What use case examples of AI in healthcare are primed for change?

Despite AI’s newfound popularity, some technologies on the list above have been around in healthcare for years. NLP is being used to turn dictated notes into actionable work, like orders, and Predictive Analytics are employed by Populational Health technologies to help target specific populations for focused care based on their risk.  

So, if AI in healthcare isn’t anything new, why is it so prevalent in today’s industry discussions? For one, the underlying technology has changed and improved very quickly, making it a more powerful tool. For another, the volume of data needed to improve AI models is becoming more manageable to achieve. As a perfect example, ChatGPT-4 took social media by storm as people began asking for AI to produce legal contracts, bedtime stories for their kids, and essays for homework assignments. Mere weeks later, new forms of this AI were appearing as Chrome extensions that were already better, faster, and stronger than the ones before. The more AI is used, the more valuable it will become because every use provides meaningful learning. 

All this progress makes the potential for AI in healthcare more optimistic. Experts agree that, among other things, AI will be key in supporting the push towards more impactful virtual care models. More specifically, this will be achieved through the use of predictive analytics, computer vision, and ambient listening.  

During the time that AI entered the conversation, two other important advancements also happened: 

  • Technology continued to get faster, stronger, and cheaper. Cameras, microphones, speakers, and other equipment necessary to facilitate virtual interactions are now available in more patient rooms than ever before. 
  • The COVID-19 pandemic opened patients’ and caregivers’ eyes to virtual care, making these interactions more trusted and commonplace. 

AI can help turn heavily user dependent devices into seamlessly integrated, clinical workflow-enabling devices. We are entering a moment where the true potential of virtual care is being unlocked, facilitated by the growing prospect of the availability of an AI-enabled virtual care device in every hospital room.  

What risks need to be top of mind when implementing AI in healthcare settings?  

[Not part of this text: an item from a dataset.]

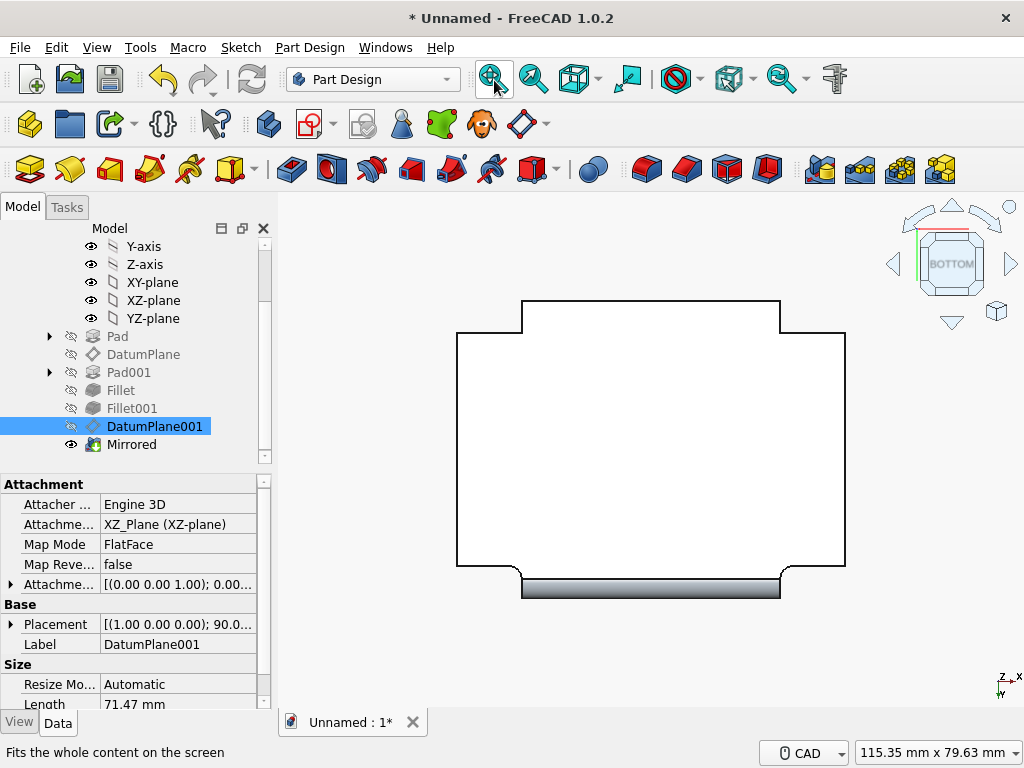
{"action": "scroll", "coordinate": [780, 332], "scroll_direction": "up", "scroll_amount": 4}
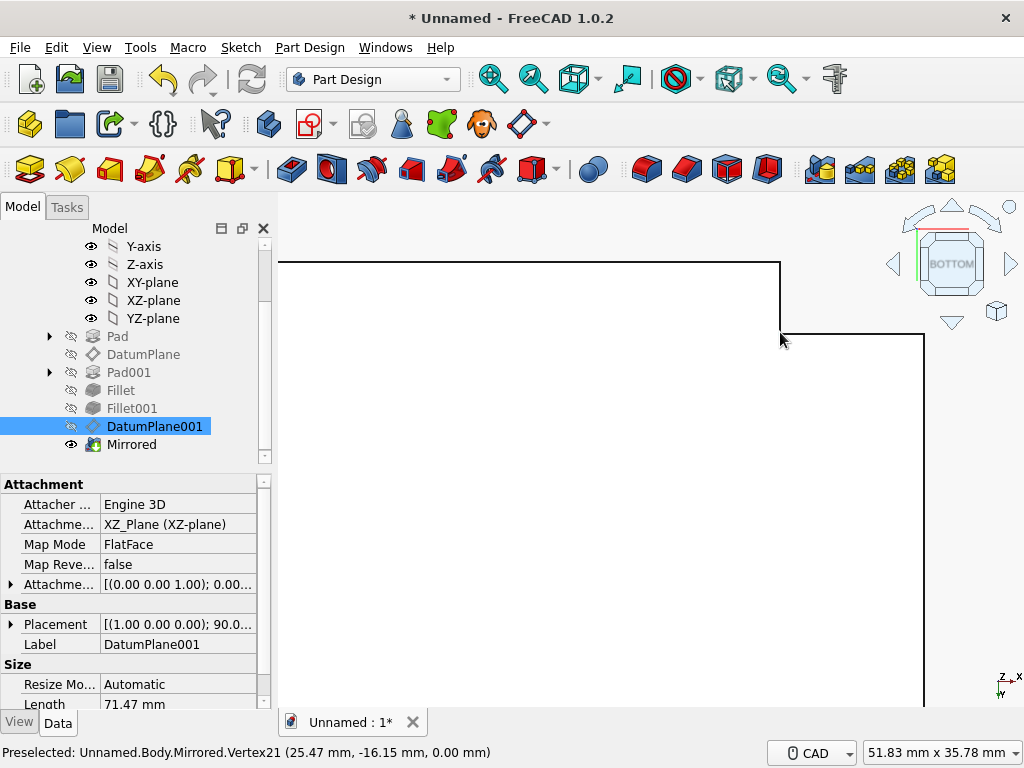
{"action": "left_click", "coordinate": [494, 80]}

While one may not be worried about what’s at stake when using AI to help write a bedtime story, the stakes of healthcare are much higher. AI-enabled devices in every hospital room could bring virtual care to life, but there are important questions to consider. 

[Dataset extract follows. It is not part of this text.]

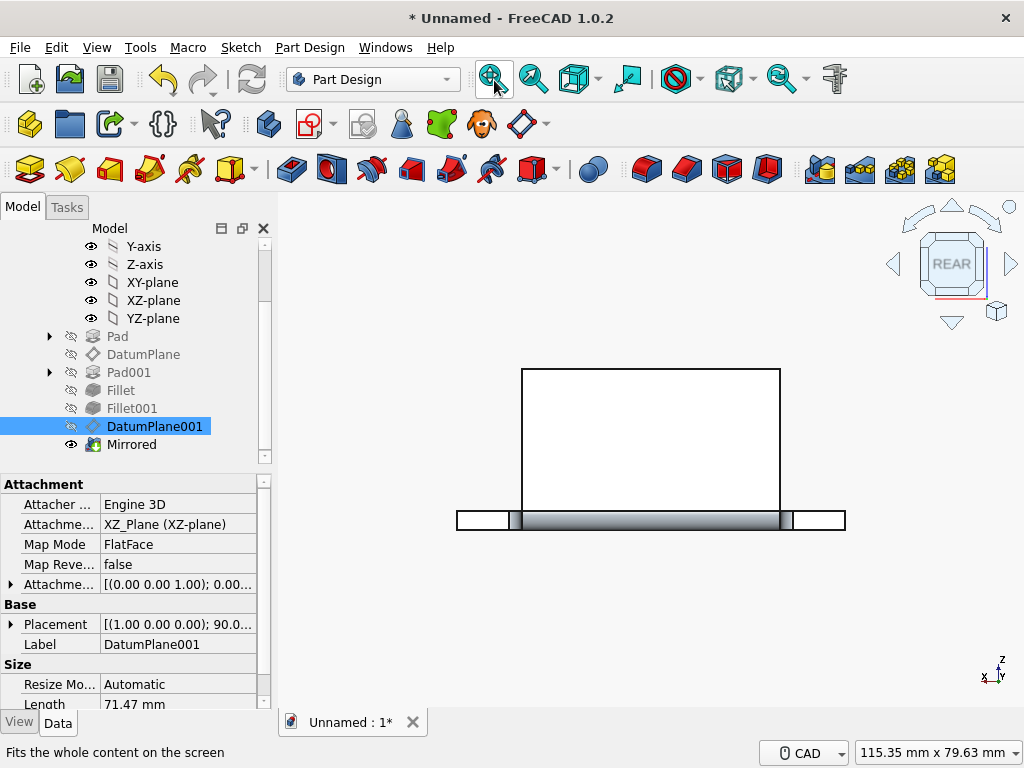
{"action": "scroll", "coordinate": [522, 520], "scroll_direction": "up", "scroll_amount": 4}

  • Are cameras and speakers now the equivalent of a door to the patient room?  
  • Who decides when the door should be open or closed?   
  • How do patients, staff, and visitors know that the doors are open, and what does that mean?   
  • What happens if multiple virtual care team members try to open that door and walk in at the same time?   
  • Which patients do, or do not, qualify for virtual care models and participation? 
  • The list goes on…. 

So, is AI just a short-lived buzzword, or are there clinically relevant use cases that you can take advantage of? Industry experience tells us to avoid getting our hopes up, else our belief in a healthy future might be dashed. We now know that failure is not an option. If we can all see the challenges for what they are and take a mindful approach to what and how we implement, then AI in healthcare may be the ‘silver bullet’ we’ve been promised for years.